According to Anne Sherrod of the Valhalla Wilderness Society, the group that broke the story Wednesday, the issue is not the lodges – which were expected – but the way the province is proceeding.

"When the government changed the Park Act in 2003 to allow lodges, we saw what was coming, but we expected some kind of public process to go with it. These are public parks after all," said Sherrod.

"It’s one thing for the government to open the parks to development and sit back and listen to proposals for lodges, which is what we expected, and it’s quite another to recruit investors.

"What we’ve found out is that there has been an advisory group working on this, looking at ways to find those investors, that we knew nothing about. When the details became know to us, we were shocked by what was being proposed.

"Right now 10 parks are slated to be developed and there’s nothing in there to suggest that that’s where it will end. We’ve never seen anything like this before."

The amendments to the B.C. Park Act have called on the parks to raise more revenue in order to cover the provinces rising maintenance costs. According to the B.C. Liberal government, the preceding NDP government created several new parks without consideration for how those parks should be funded.

Revenue from the lodges, as well as initiatives such as pay parking and user fees, will go towards B.C. Parks budget.

The lodges were also intended to make the parks more accessible to visitors that are elderly or families that wouldn’t ordinarily camp or hike in the wilderness.

Other parks on the list include:

• Brighton Archipelago Marine Park at the north end of Vancouver Island.

• Cultus Lake, which is located near Chilliwack.

• Elk Lakes, which is located in southern B.C. near the Alberta border.

• Hamber, which is located near Jasper Provincial Park.

• Maxhamish Lake, located north of Fort Nelson

• Mount Assiniboine in the Canadian Rockies, southwest of Banff

• Mount Robson, which is located to the west of Jasper

• South Chilcotin, to the north of Whistler in the Gold Bridge area (Spruce Lake will likely be the building site)

• Valhalla, located to the north of Castelgar and Slocan

"Of course they picked some of our most beautiful parks, and they’re going to pick the most beautiful sites within those parks," said Sherrod.

According to the documents, the government hopes to identify the exact locations for the lodges in the summer, and to have developers signed on by the winter.
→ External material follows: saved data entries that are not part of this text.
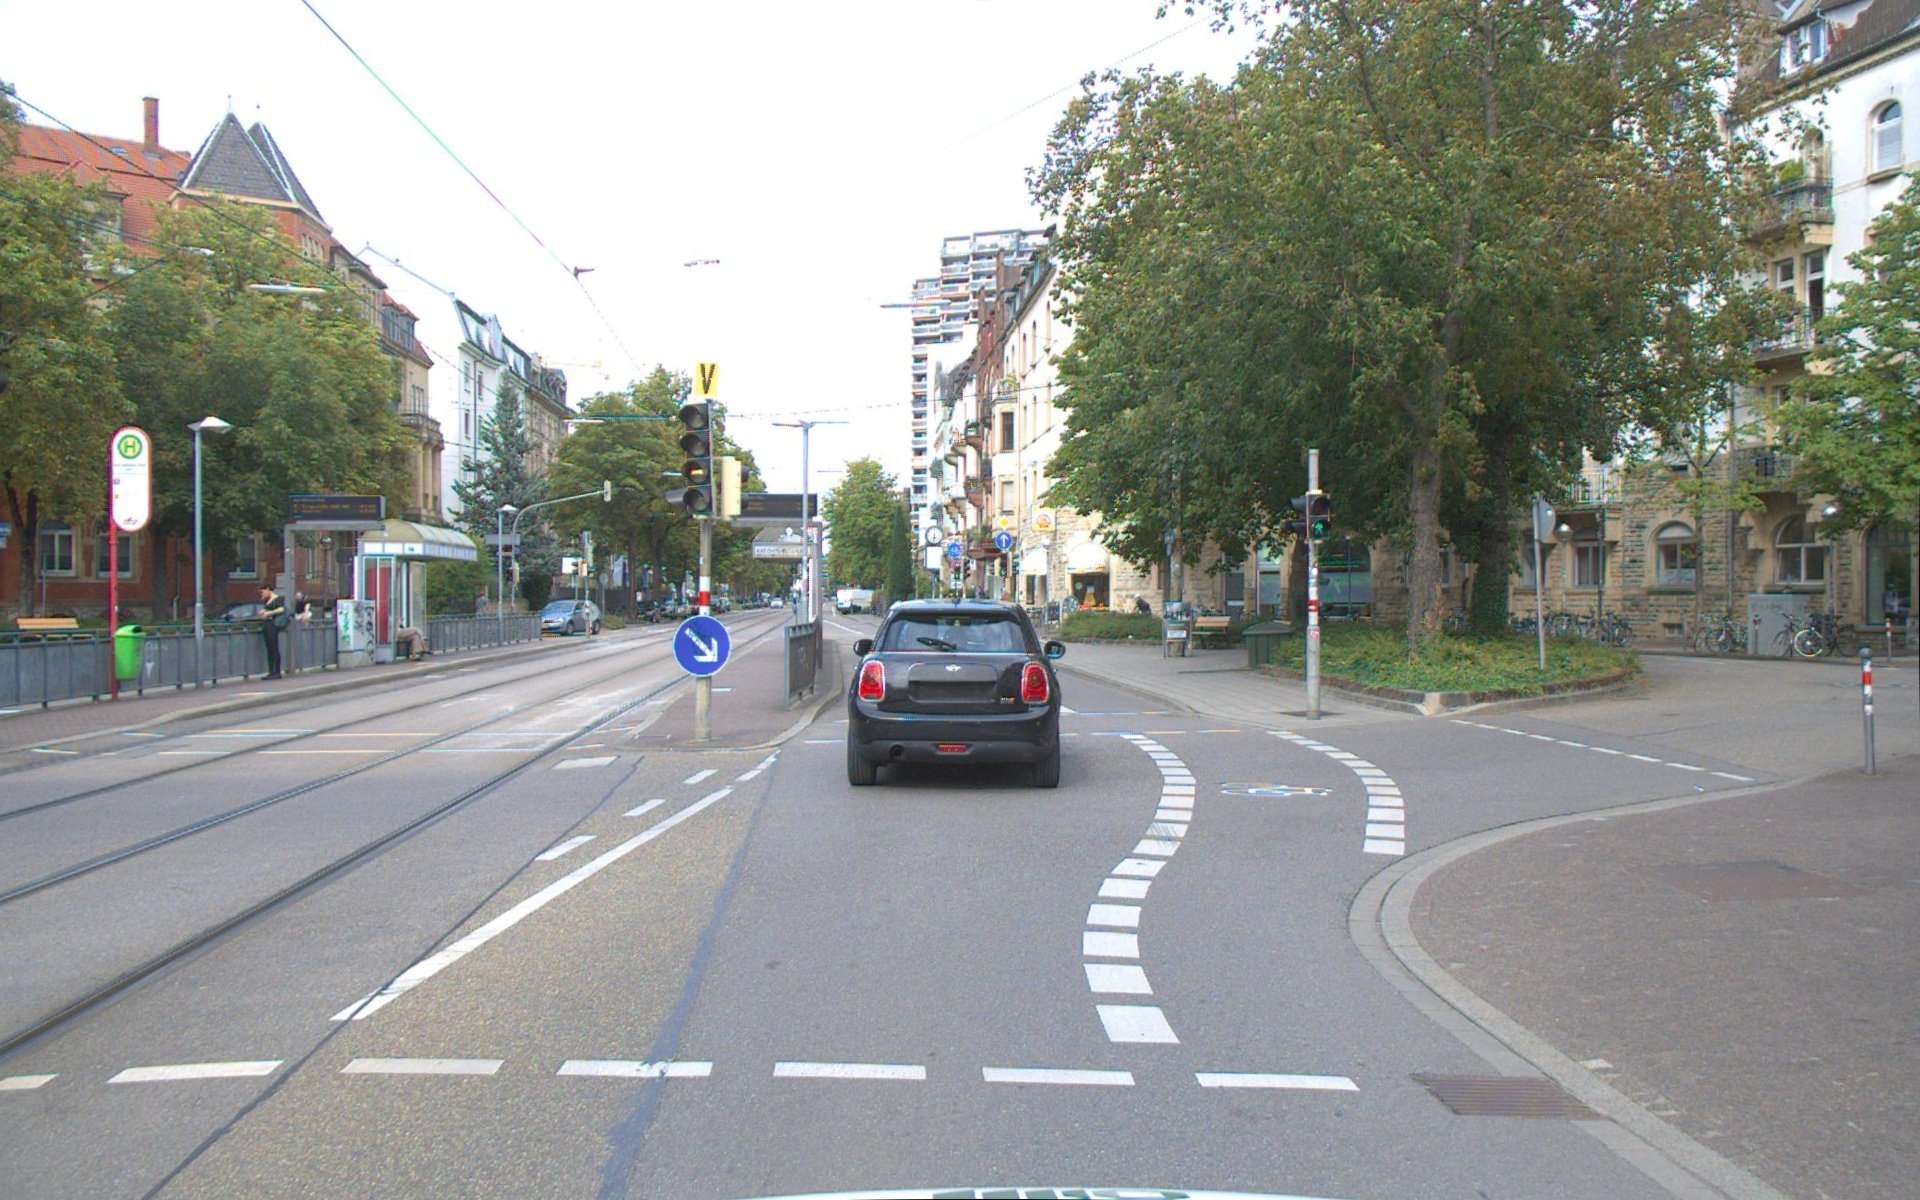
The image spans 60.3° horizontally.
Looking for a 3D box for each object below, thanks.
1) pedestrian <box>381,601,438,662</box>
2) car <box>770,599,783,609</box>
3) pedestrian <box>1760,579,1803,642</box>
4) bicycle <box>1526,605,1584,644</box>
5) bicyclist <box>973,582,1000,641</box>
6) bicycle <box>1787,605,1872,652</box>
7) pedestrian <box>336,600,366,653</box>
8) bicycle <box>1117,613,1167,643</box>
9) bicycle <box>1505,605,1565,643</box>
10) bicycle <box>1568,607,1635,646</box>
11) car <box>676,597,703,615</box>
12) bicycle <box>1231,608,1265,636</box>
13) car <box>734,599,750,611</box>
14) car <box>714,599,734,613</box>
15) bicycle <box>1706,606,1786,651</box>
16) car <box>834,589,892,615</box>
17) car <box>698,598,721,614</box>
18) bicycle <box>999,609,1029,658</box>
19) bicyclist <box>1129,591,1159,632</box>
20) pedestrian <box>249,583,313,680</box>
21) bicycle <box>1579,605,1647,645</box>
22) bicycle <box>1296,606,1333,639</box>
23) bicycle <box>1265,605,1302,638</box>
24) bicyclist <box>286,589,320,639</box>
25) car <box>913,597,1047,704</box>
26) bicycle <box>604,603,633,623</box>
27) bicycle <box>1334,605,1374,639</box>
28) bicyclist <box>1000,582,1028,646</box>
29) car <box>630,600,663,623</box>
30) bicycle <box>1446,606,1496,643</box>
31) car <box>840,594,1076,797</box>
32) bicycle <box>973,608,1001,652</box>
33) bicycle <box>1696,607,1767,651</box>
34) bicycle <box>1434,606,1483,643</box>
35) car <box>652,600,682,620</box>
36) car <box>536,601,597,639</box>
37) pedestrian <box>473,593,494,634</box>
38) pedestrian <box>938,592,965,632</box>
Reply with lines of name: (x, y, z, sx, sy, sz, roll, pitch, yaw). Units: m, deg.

That doesn’t give the public much time, Sherrod says, even with the early leak of the documents.

The provincial government suggested that Valhalla Wilderness Society was misrepresenting their plans, but defended the concept to build new lodges in provincial parks.
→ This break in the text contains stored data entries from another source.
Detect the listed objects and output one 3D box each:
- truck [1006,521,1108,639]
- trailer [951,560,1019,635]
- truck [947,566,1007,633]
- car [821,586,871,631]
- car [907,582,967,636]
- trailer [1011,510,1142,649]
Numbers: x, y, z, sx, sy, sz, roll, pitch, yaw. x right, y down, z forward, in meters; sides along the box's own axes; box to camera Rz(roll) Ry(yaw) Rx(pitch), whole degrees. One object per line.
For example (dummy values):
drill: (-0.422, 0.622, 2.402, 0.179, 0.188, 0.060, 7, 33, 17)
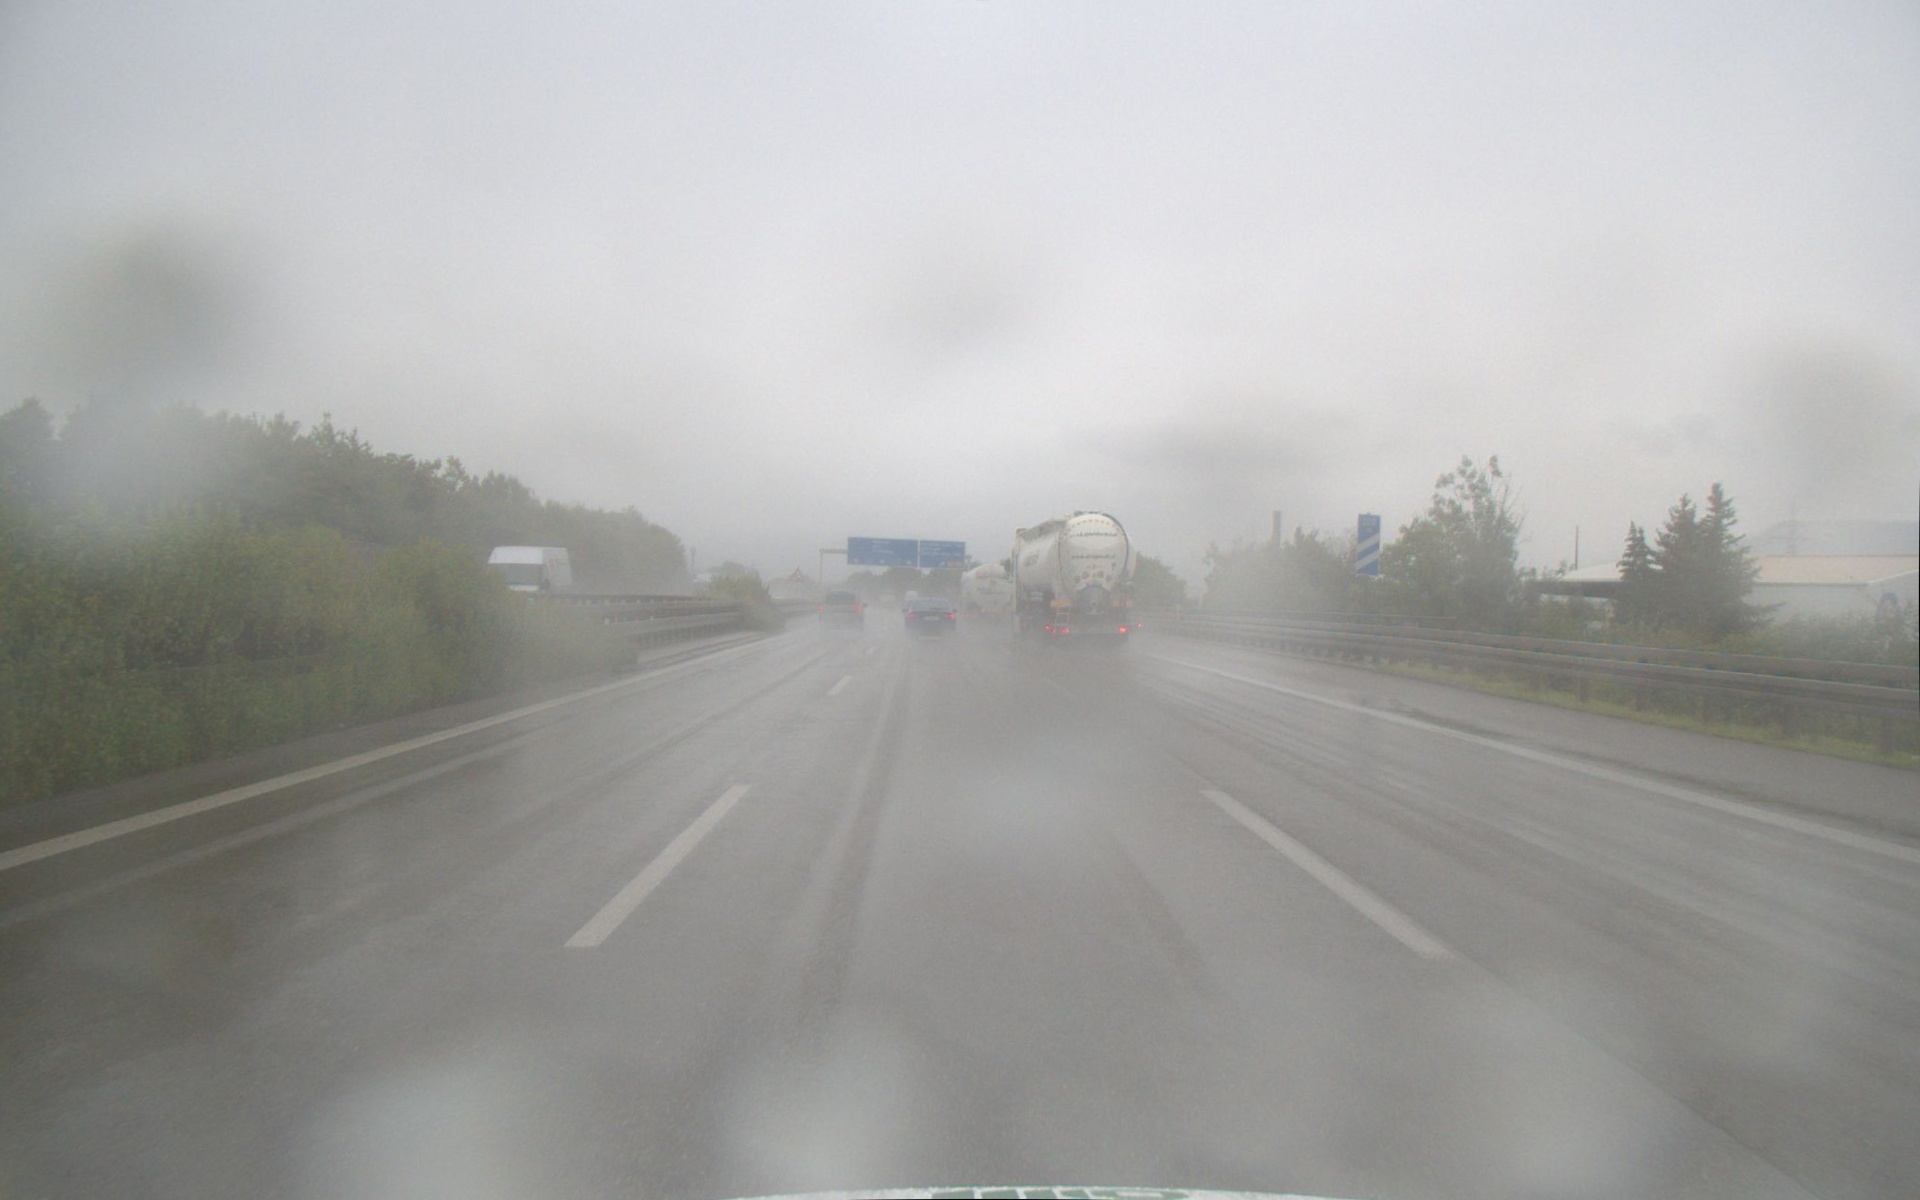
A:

"We are not building mini-Whistler’s all over the province," said Bill Barisoff, Minister of Land, Water and Air Protection in a CBC interview. "It’s a matter of creating access. It’s a matter of building access to parks for senior and families."

Sherrod says the documents also suggest that the government is actively selling the lodge opportunities, which will likely result in foreign ownership and investment in the lodges from the U.S., Europe and Japan.

"I compare this to what happened with the logging industry, with multinational forest companies gradually taking over control of our public forests. Except in this case it will be multinational hotel owners, and one day they could be calling the shots on our parks," said Sherrod.

Rather than allowing for-profit lodges, Sherrod believes that any lodges created should be owned, at least partially, by the public to ensure proper management of public lands.

The Western Canada Wilderness Committee was also suspicious of the government’s plans.

"We were flabbergasted when we saw the documents," said Gwen Barlee, the policy director for the WCWC. "There has been absolutely no public consultation on this – none.

"We are really concerned that this initiative will confer property rights to developers.

Eva Riccius of the Canadian Parks and Wilderness Society agreed. "For-profit lodges should be located outside of parks, near communities where they will provide economic benefits for those communities. With lodges in parks come problems with more roads, power infrastructure, waste water, garbage disposal, staff housing, and concerns with appropriate types of recreation. It’s a slippery slope toward privatization – big outside money means big outside control."